Quant aux définitions de l’intégration formulées dans les documents officiels, le Ministère de l’Immigration et des Communautés Culturelles a fixé trois grandes orientations pour la société québécoise, parmi lesquelles :

« Le développement des services d’apprentissage du français et la promotion de son usage auprès des immigrants et des Québécois des communautés culturelles; le soutien accru à l’ouverture de la société d’accueil et à la pleine participation des immigrants et des Québécois des communautés culturelles à la vie économique, sociale, culturelle et institutionnelle du Québec; des interventions visant le développement de relations intercommunautaires harmonieuses entre les Québécois de toutes origines (MICC, 1990, p. 20) ».

Pour sa part, le Ministère de l’Éducation du Québec (MEQ, 1998), reprend les principes étayés par le Ministère de l’Immigration et des Communautés Culturelles (MICC, 1990) et s’appuie sur la définition suivante de l’intégration:

« (…) un processus d’adaptation à long terme, multidimensionnel et distinct de l’assimilation qui, elle, renvoie à l’adoption intégrale de la culture de la société d’accueil et à la fusion avec le groupe majoritaire. Le processus d’intégration, qui postule l’acceptation de références à l’identité culturelle d’origine et dans lequel la maîtrise de la langue de la société d’accueil joue un rôle essentiel, n’est achevé que lorsque la personne immigrante ou ses descendants participent pleinement à l’ensemble de la vie collective de la société d’accueil et ont développé un sentiment d’appartenance à son égard. » (MEQ, 1998, p. 1)

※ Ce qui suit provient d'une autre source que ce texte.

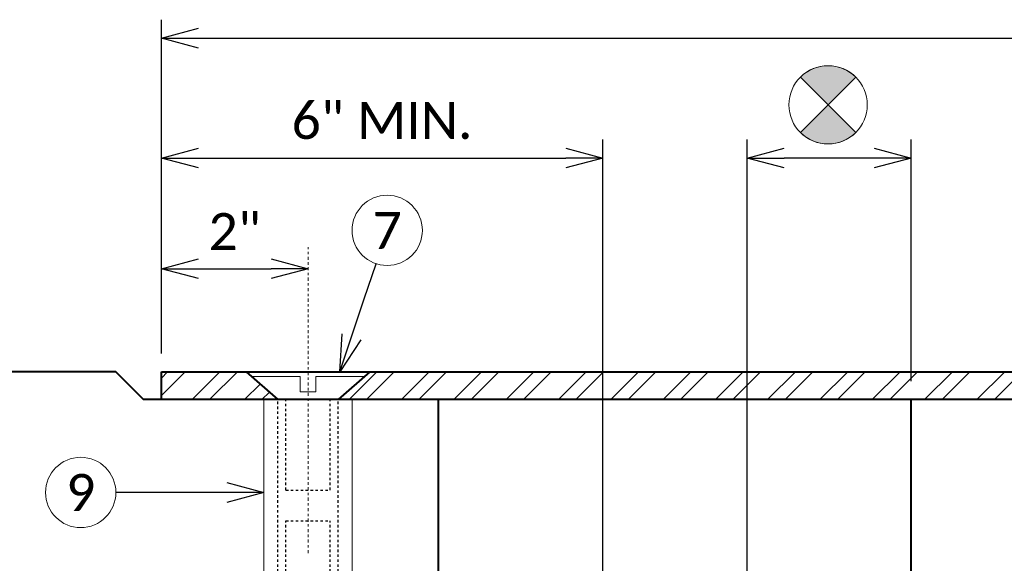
# Model space of a CAD drawing. Header units: metres. Extents: x -113 to 509, y -50 to 519.
# Tile 194 of 240: x -39 to 1, y 344 to 366. Entities that reach past the tile are written whole.
import ezdxf
from ezdxf import colors
from ezdxf.entities.mleader import LeaderData, LeaderLine
from ezdxf.enums import TextEntityAlignment as Align
from ezdxf.math import Vec2, Vec3

# ---------------------------------------------------------------- set-up
doc = ezdxf.new("R2010")
doc.units = ezdxf.units.M
doc.header["$MEASUREMENT"] = 0
doc.linetypes.add('Wisdot2', pattern=[0.125, 0.0625, -0.0625])
doc.linetypes.add('Wisdot4', pattern=[0.28125, 0.125, -0.0625, 0.03125, -0.0625])
for name, color, linetype, lineweight in [('B_ANNO_DIM', 7, 'Continuous', 18), ('B_ANNO_SYMB', 7, 'Continuous', 18), ('B_ANNO_TEXT', 7, 'Continuous', 18), ('B_CNTR', 1, 'Wisdot4', 18), ('B_DETAIL', 7, 'Continuous', 18), ('B_DETAIL_HIDDEN', 7, 'Wisdot2', 25), ('B_DETAIL_OBJ', 7, 'Continuous', 40), ('B_STEEL', 92, 'Continuous', 18)]:
    doc.layers.add(name, color=color, linetype=linetype, lineweight=lineweight)
doc.styles.add('Annotative', font='calibri.ttf', dxfattribs={"height": 0.0625})
doc.styles.get("Standard").update_dxf_attribs({"font": 'calibri.ttf'})
doc.dimstyles.new('Annotative', dxfattribs={"dimscale": 0, "dimtxt": 0.0625, "dimasz": 0.0625, "dimexe": 0.03125, "dimexo": 0.03125, "dimgap": 0.03125, "dimtad": 1, "dimdec": 3, "dimzin": 3, "dimdsep": 46, "dimlunit": 4, "dimtxsty": 'Standard', "dimblk": 'OPEN30', "dimcen": 0.03125, "dimaunit": 1, "dimadec": 0, "dimazin": 3, "dimtfac": 0.75, "dimtdec": 3, "dimtofl": 0, "dimtmove": 0, "dimatfit": 3, "dimldrblk": 'OPEN30', "dimfxl": 1, "dimtfill": 1, "dimfrac": 1, "dimtolj": 1, "dimtzin": 0, "dimarcsym": 0})

# ---------------------------------------------------------------- blocks, each defined once
blk = doc.blocks.new('_Open30')
at = {"color": 0, "linetype": 'ByBlock', "lineweight": -2}
for p, q in [((-1, 0.268), (0, 0)), ((0, 0), (-1, -0.268)), ((0, 0), (-1, 0))]:
    blk.add_line(p, q, dxfattribs=at)
blk = doc.blocks.new('*D2626')
at = {"layer": 'B_ANNO_DIM', "color": 0, "lineweight": -2, "transparency": 16777216}
for p, q in [((79.85, 85.381), (79.85, 98.919)), ((179.45, 85.381), (179.45, 98.919)), ((81.35, 98.169), (177.95, 98.169))]:
    blk.add_line(p, q, dxfattribs=at)
at = {"layer": 'Defpoints', "color": 0, "transparency": 16777216}
for p in [(179.45, 98.169), (79.85, 84.631), (179.45, 84.631)]:
    blk.add_point(p, dxfattribs=at)
at = {"layer": 'B_ANNO_DIM', "color": 0, "lineweight": -2, "transparency": 16777216, "xscale": 1.5, "yscale": 1.5, "zscale": 1.5, "rotation": 180}
blk.add_blockref('_Open30', (79.85, 98.169), dxfattribs=at)
at = {"layer": 'B_ANNO_DIM', "color": 0, "lineweight": -2, "transparency": 16777216, "xscale": 1.5, "yscale": 1.5, "zscale": 1.5}
blk.add_blockref('_Open30', (179.45, 98.169), dxfattribs=at)
at = {"layer": 'B_ANNO_DIM', "color": 0, "transparency": 16777216, "insert": (129.65, 99.688), "char_height": 1.5, "attachment_point": 5, "bg_fill": 3, "box_fill_scale": 1.25, "bg_fill_color": 256, "bg_fill_true_color": 13158600, "bg_fill_transparency": 0}
blk.add_mtext('\\A1;3\'-0"', dxfattribs=at)
blk = doc.blocks.new('*D2524')
at = {"layer": 'B_ANNO_DIM', "color": 0, "lineweight": -2, "transparency": 16777216}
for p, q in [((97.742, 75.649), (97.742, 94.054)), ((81.35, 93.304), (96.242, 93.304))]:
    blk.add_line(p, q, dxfattribs=at)
at = {"layer": 'Defpoints', "color": 0, "transparency": 16777216}
for p in [(79.85, 93.304), (97.742, 93.304), (97.742, 74.899)]:
    blk.add_point(p, dxfattribs=at)
at = {"layer": 'B_ANNO_DIM', "color": 0, "lineweight": -2, "transparency": 16777216, "xscale": 1.5, "yscale": 1.5, "zscale": 1.5, "rotation": 180}
blk.add_blockref('_Open30', (79.85, 93.304), dxfattribs=at)
at = {"layer": 'B_ANNO_DIM', "color": 0, "lineweight": -2, "transparency": 16777216, "xscale": 1.5, "yscale": 1.5, "zscale": 1.5}
blk.add_blockref('_Open30', (97.742, 93.304), dxfattribs=at)
at = {"layer": 'B_ANNO_DIM', "color": 0, "transparency": 16777216, "insert": (88.796, 94.822), "char_height": 1.5, "attachment_point": 5, "bg_fill": 3, "box_fill_scale": 1.25, "bg_fill_color": 256, "bg_fill_true_color": 13158600, "bg_fill_transparency": 0}
blk.add_mtext('\\A1;6" MIN.', dxfattribs=at)
blk = doc.blocks.new('*D2543')
at = {"layer": 'B_ANNO_DIM', "color": 0, "lineweight": -2, "transparency": 16777216}
for p, q in [((103.598, 75.649), (103.598, 94.054)), ((110.255, 84.256), (110.255, 94.054)), ((108.755, 93.304), (105.098, 93.304))]:
    blk.add_line(p, q, dxfattribs=at)
at = {"layer": 'Defpoints', "color": 0, "transparency": 16777216}
for p in [(103.598, 93.304), (110.255, 83.506), (103.598, 74.899)]:
    blk.add_point(p, dxfattribs=at)
at = {"layer": 'B_ANNO_DIM', "color": 0, "lineweight": -2, "transparency": 16777216, "xscale": 1.5, "yscale": 1.5, "zscale": 1.5, "rotation": 180}
blk.add_blockref('_Open30', (103.598, 93.304), dxfattribs=at)
at = {"layer": 'B_ANNO_DIM', "color": 0, "lineweight": -2, "transparency": 16777216, "xscale": 1.5, "yscale": 1.5, "zscale": 1.5}
blk.add_blockref('_Open30', (110.255, 93.304), dxfattribs=at)
blk = doc.blocks.new('circle half diag solid')
at = {"layer": 'B_ANNO_SYMB'}
h = blk.add_hatch(color=256, dxfattribs=at)
h.dxf.hatch_style = 1
h.paths.add_polyline_path([(1.123, 1.123), (1.123, 1.124, 0.414216), (-1.123, 1.124), (-1.123, 1.123), (0, 0)])
h.paths.add_polyline_path([(0, 0), (-1.122, -1.122, 0.413943), (1.122, -1.122)])
for p, q in [((-1.123, 1.123), (1.123, -1.123)), ((1.123, 1.123), (-1.123, -1.123))]:
    blk.add_line(p, q, dxfattribs=at)
at = {"layer": 'B_ANNO_SYMB', "flags": 128}
for points in [[(0, 0), (1.123, 1.123), (1.123, 1.124, 0.414216), (-1.123, 1.124), (-1.123, 1.123), (0, 0)], [(1.123, -1.123), (0, 0), (-1.123, -1.123), (-1.123, -1.122, 0.414211), (1.123, -1.123)]]:
    blk.add_lwpolyline(points, format="xyb", dxfattribs=at)
at = {"layer": 'B_ANNO_SYMB'}
blk.add_circle((0, 0.001), 1.588, dxfattribs=at)
blk = doc.blocks.new('*D2593')
at = {"layer": 'B_ANNO_DIM', "color": 0, "lineweight": -2, "transparency": 16777216}
blk.add_line((81.35, 88.816), (84.293, 88.816), dxfattribs=at)
at = {"layer": 'Defpoints', "color": 0, "transparency": 16777216}
for p in [(79.85, 88.816), (85.793, 88.816), (85.793, 88.816)]:
    blk.add_point(p, dxfattribs=at)
at = {"layer": 'B_ANNO_DIM', "color": 0, "lineweight": -2, "transparency": 16777216, "xscale": 1.5, "yscale": 1.5, "zscale": 1.5, "rotation": 180}
blk.add_blockref('_Open30', (79.85, 88.816), dxfattribs=at)
at = {"layer": 'B_ANNO_DIM', "color": 0, "lineweight": -2, "transparency": 16777216, "xscale": 1.5, "yscale": 1.5, "zscale": 1.5}
blk.add_blockref('_Open30', (85.793, 88.816), dxfattribs=at)
at = {"layer": 'B_ANNO_DIM', "color": 0, "transparency": 16777216, "insert": (82.821, 90.323), "char_height": 1.5, "attachment_point": 5, "bg_fill": 3, "box_fill_scale": 1.25, "bg_fill_color": 256, "bg_fill_true_color": 13158600, "bg_fill_transparency": 0}
blk.add_mtext('\\A1;2"', dxfattribs=at)
blk = doc.blocks.new('*U2432')
at = {"layer": 'B_STEEL'}
h = blk.add_hatch(dxfattribs=at)
h.set_pattern_fill('ANSI32', color=256, scale=4)
h.set_pattern_definition([(45, (60.6854, -274.2428), (-1.06066, 1.06066), []), (45, (61.3925, -274.2428), (-1.06066, 1.06066), [])])
h.paths.add_polyline_path([(97.7419, 84.6306), (88.3043, 84.6306), (87.0109, 83.5056), (97.7419, 83.5056)])
h.paths.add_polyline_path([(103.5978, 84.6306), (97.7419, 84.6306), (97.7419, 83.5056), (103.5978, 83.5056)])
h.paths.add_polyline_path([(157.1569, 84.6306), (103.5978, 84.6306), (103.5978, 83.5056), (158.443, 83.5056)])
h.paths.add_polyline_path([(179.4499, 84.6306), (174.7459, 84.6306), (173.4568, 83.5056), (179.4499, 83.5056)])
h.paths.add_polyline_path([(83.2815, 84.6306), (79.8499, 84.6306), (79.8499, 83.5056), (84.5749, 83.5056)])
at = {"layer": 'B_ANNO_SYMB'}
blk.add_circle((76.5766, 79.7387), 1.4255, dxfattribs=at)
at = {"layer": 'B_CNTR'}
blk.add_line((85.7929, 77.2784), (85.7929, 89.6913), dxfattribs=at)
at = {"layer": 'B_DETAIL', "flags": 128}
for points in [[(83.4919, 84.4476), (85.4809, 84.4476), (85.4809, 83.8176), (86.1079, 83.8176), (86.1079, 84.4476), (88.0939, 84.4476)], [(87.5779, 83.5056), (87.5779, 74.9226), (84.0079, 74.9226), (84.0079, 83.5056)]]:
    blk.add_lwpolyline(points, dxfattribs=at)
at = {"layer": 'B_DETAIL_HIDDEN', "ltscale": 0.5}
for p, q in [((84.5749, 74.9226), (84.5749, 83.5056)), ((84.8959, 79.8366), (84.8959, 83.5056)), ((86.6899, 79.8366), (86.6899, 83.5056)), ((87.0109, 74.9226), (87.0109, 83.5056)), ((84.8959, 79.8366), (86.6899, 79.8366)), ((84.8959, 74.9226), (84.8959, 78.5916)), ((84.8959, 78.5916), (86.6899, 78.5916)), ((86.6899, 74.9226), (86.6899, 78.5916))]:
    blk.add_line(p, q, dxfattribs=at)
at = {"layer": 'B_DETAIL_OBJ'}
for p, q in [((83.2815, 84.6306), (84.5749, 83.5056)), ((88.3043, 84.6306), (87.0109, 83.5056))]:
    blk.add_line(p, q, dxfattribs=at)
at = {"layer": 'B_DETAIL_OBJ', "flags": 128}
for points in [[(79.8499, 83.5056), (79.1228, 83.5056), (77.9978, 84.6306), (72.2389, 84.6306)], [(79.8499, 84.6306), (179.4499, 84.6306), (179.4499, 83.5056), (79.8499, 83.5056), (79.8499, 84.6306)], [(97.564, 73.622), (97.7419, 73.8062), (97.7419, 74.8986), (97.0178, 75.629), (91.0849, 75.629), (91.0849, 83.5056)], [(103.7756, 73.622), (103.5978, 73.8062), (103.5978, 74.8986), (104.3219, 75.629), (110.2549, 75.629), (110.2549, 83.5056)]]:
    blk.add_lwpolyline(points, dxfattribs=at)
at = {"layer": 'B_ANNO_TEXT', "insert": (76.5766, 79.7387), "char_height": 1.5, "width": 3.563823, "attachment_point": 5, "style": 'Annotative'}
blk.add_mtext('9', dxfattribs=at)
at = {"layer": 'B_ANNO_TEXT', "style": 'Annotative'}
blk.add_attdef('DIM2', text='', height=1.5, rotation=315.05602, dxfattribs=at).set_placement((311.4772, 219.6159), align=Align.MIDDLE_CENTER)
at = {"layer": 'B_ANNO_DIM'}
dim = blk.add_linear_dim(base=(179.4499, 98.1694), p1=(79.8499, 84.6306), p2=(179.4499, 84.6306), dimstyle='Annotative', override={"dimlfac": 0.361}, dxfattribs=at)
dim.commit()
dim.dimension.update_dxf_attribs({"geometry": '*D2626', "text_midpoint": (129.6499, 99.6879)})
blk.add_blockref('circle half diag solid', (106.8802, 95.4641))
dim = blk.add_linear_dim(base=(97.7419, 93.304), p1=(79.8499, 93.304), p2=(97.7419, 74.8986), text='6" MIN.', dimstyle='Annotative', override={"dimlfac": 0.361}, dxfattribs=at)
dim.commit()
dim.dimension.update_dxf_attribs({"geometry": '*D2524', "text_midpoint": (88.7959, 94.8219)})
dim = blk.add_linear_dim(base=(103.5978, 93.304), p1=(110.2549, 83.5056), p2=(103.5978, 74.8986), text=' ', dimstyle='Annotative', dxfattribs=at)
dim.commit()
dim.dimension.update_dxf_attribs({"geometry": '*D2543', "text_midpoint": (106.9264, 93.304)})
at = {"layer": 'B_ANNO_SYMB'}
blk.add_circle((89.0032, 90.3718), 1.4255, dxfattribs=at)
at = {"layer": 'B_ANNO_TEXT', "insert": (89.0032, 90.3718), "char_height": 1.5, "width": 3.563823, "attachment_point": 5, "style": 'Annotative'}
blk.add_mtext('7', dxfattribs=at)
at = {"layer": 'B_ANNO_DIM'}
dim = blk.add_linear_dim(base=(85.7929, 88.816), p1=(79.8499, 88.816), p2=(85.7929, 88.816), dimstyle='Annotative', override={"dimlfac": 0.34}, dxfattribs=at)
dim.commit()
dim.dimension.update_dxf_attribs({"geometry": '*D2593', "text_midpoint": (82.8214, 90.3235)})
ml = blk.add_multileader_mtext('Standard', dxfattribs=at)
ml.set_content('', color=256)
ml.set_leader_properties()
ml.set_arrow_properties(name='OPEN30')
ml.build(insert=Vec2(0, 0))
ml.multileader.update_dxf_attribs({"text_right_attachment_type": 3, "dogleg_length": 0.0625, "arrow_head_size": 1.5, "scale": 24})
ctx = ml.context
ctx.base_point, ctx.scale, ctx.char_height, ctx.arrow_head_size, ctx.landing_gap_size, ctx.plane_origin, ctx.plane_x_axis, ctx.plane_y_axis = Vec3(89.0268, 90.4424), 24, 1.5, 1.5, 0.75, Vec3(86.9697, 84.2998), Vec3(-0.3175593, -0.9482384), Vec3(0.9482384, -0.3175593)
ctx.right_attachment = 3
notes = []
notes.append((ctx, [(0, (1, 1, 0), (88.0741, 87.5977), (0.3175593, 0.9482384), 1.5, [(0, [(87.0805, 84.6306), (88.0741, 87.5977), (88.0741, 87.5977)], 0, [])])]))
ctx.mtext.insert, ctx.mtext.text_direction, ctx.mtext.rotation, ctx.mtext.flow_direction = Vec3(89.4998, 89.493), Vec3(-0.3175593, -0.9482384), 4.3892346, 5
ml = blk.add_multileader_mtext('Standard', dxfattribs=at)
ml.set_content('', color=256)
ml.set_leader_properties()
ml.set_arrow_properties(name='OPEN30')
ml.build(insert=Vec2(0, 0))
ml.multileader.update_dxf_attribs({"text_right_attachment_type": 3, "dogleg_length": 0.0625, "arrow_head_size": 1.5, "scale": 24})
ctx = ml.context
ctx.base_point, ctx.scale, ctx.char_height, ctx.arrow_head_size, ctx.landing_gap_size, ctx.plane_origin, ctx.plane_x_axis, ctx.plane_y_axis = Vec3(78.0022, 79.7387), 24, 1.5, 1.5, 0.75, Vec3(82.98, 79.7387), Vec3(-1, 0), Vec3(0, -1)
ctx.right_attachment = 3
notes.append((ctx, [(0, (1, 1, 0), (79.5022, 79.7387), (-1, 0), 1.5, [(0, [(84.0079, 79.7387), (79.5022, 79.7387), (79.5022, 79.7387)], 0, [])])]))
ctx.mtext.insert, ctx.mtext.text_direction, ctx.mtext.rotation, ctx.mtext.flow_direction = Vec3(77.2522, 78.9887), Vec3(-1, 0), 3.1415927, 5
for ctx, leaders in notes:
    for number, flags, end, landing, length, lines in leaders:
        leader = LeaderData()
        leader.index, (leader.has_last_leader_line, leader.has_dogleg_vector, leader.attachment_direction) = number, flags
        leader.last_leader_point, leader.dogleg_vector, leader.dogleg_length = Vec3(end), Vec3(landing), length
        for number, points, colour, breaks in lines:
            line = LeaderLine()
            line.index, line.vertices, line.color, line.breaks = number, Vec3.list(points), colors.encode_raw_color(colour), breaks
            leader.lines.append(line)
        ctx.leaders.append(leader)

msp = doc.modelspace()

# ---------------------------------------------------------------- block references
msp.add_blockref('*U2432', (-112.829, 266.839))

doc.saveas('drawing.dxf')

Soulignons que cette définition distingue l’intégration de l’assimilation, le premier processus renvoyant à une adaptation « de part et d’autre » des immigrants et des Québécois et à la création de liens d’interdépendance, l’accent étant mis sur la participation sociale dans une société démocratique francophone, tandis que le second processus est décrit comme le fait de se « fusionner » au groupe majoritaire et d’adopter de manière « intégrale » l’ensemble de ses référents culturels.

Afin de mieux circonscrire le concept de l’intégration des élèves allophones dans les écoles québécoises et de contribuer à résoudre le problème de clarté conceptuelle qui se dessine à la fois sur le plan théorique, dans les définitions de ce terme, et sur le plan pratique, dans les rôles et les objectifs que les acteurs scolaires se donnent au quotidien, nous nous demandons comment 17 enseignants se représentent l’intégration d’élèves allophones immigrants dans trois écoles secondaires montréalaises. En d’autres mots, que signifie l’intégration aux yeux de ces enseignants et à quels modèles normatifs pouvons-nous associer leurs représentations?

Ce que nous retenons…

x Le terme « intégration » est polysémique et complexe.

x Les modèles normatifs pour l’intégration des personnes immigrantes partagent des objectifs communs, mais ils sont nombreux et distincts.

x Ces modèles se confondent dans les documents officiels, dans les discours de politiciens, dans les médias, etc.

x Il existe un problème de clarté conceptuelle entourant le terme « intégration » susceptible de se lire dans les discours des enseignants.

x La présente recherche se propose donc de contribuer à clarifier le sens donné à l’intégration par des enseignants d’écoles secondaires montréalaises.